▶ _Exercise description_:
Starting at the top of the records below and ending with the line that contains "1. forklift <box>0,0,1430,649</box>", print each line exactly as written, skipping the pictures.

Stored data:
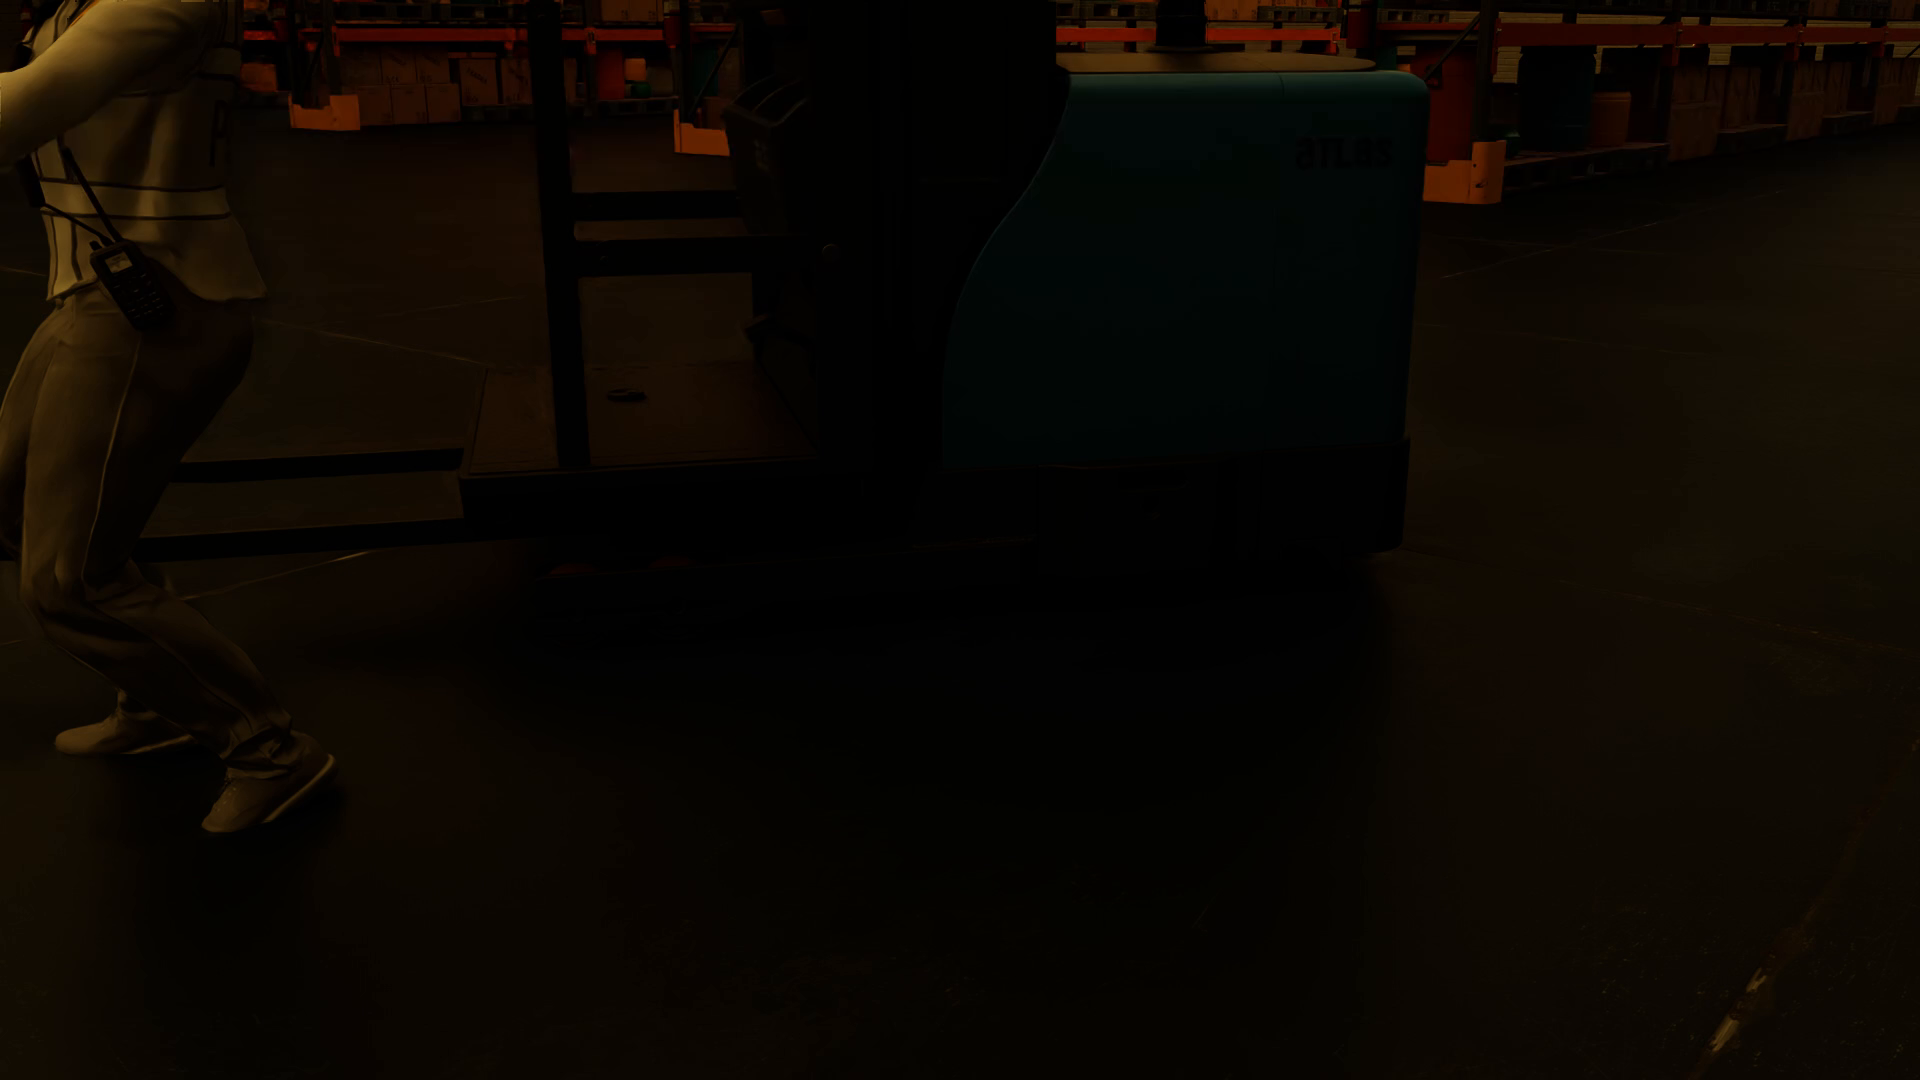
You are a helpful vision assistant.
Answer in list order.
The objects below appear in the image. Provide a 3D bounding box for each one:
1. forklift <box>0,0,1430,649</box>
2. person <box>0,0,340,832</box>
[{"bbox_3d":[-0.594,-1.359,3.372,3.031,2.935,1.130,-4,17,-13],"label":"forklift"},{"bbox_3d":[-1.251,-0.284,2.357,0.615,1.614,0.810,-7,18,-23],"label":"person"}]

▶ _Expected output_:
You are a helpful vision assistant.
Answer in list order.
The objects below appear in the image. Provide a 3D bounding box for each one:
1. forklift <box>0,0,1430,649</box>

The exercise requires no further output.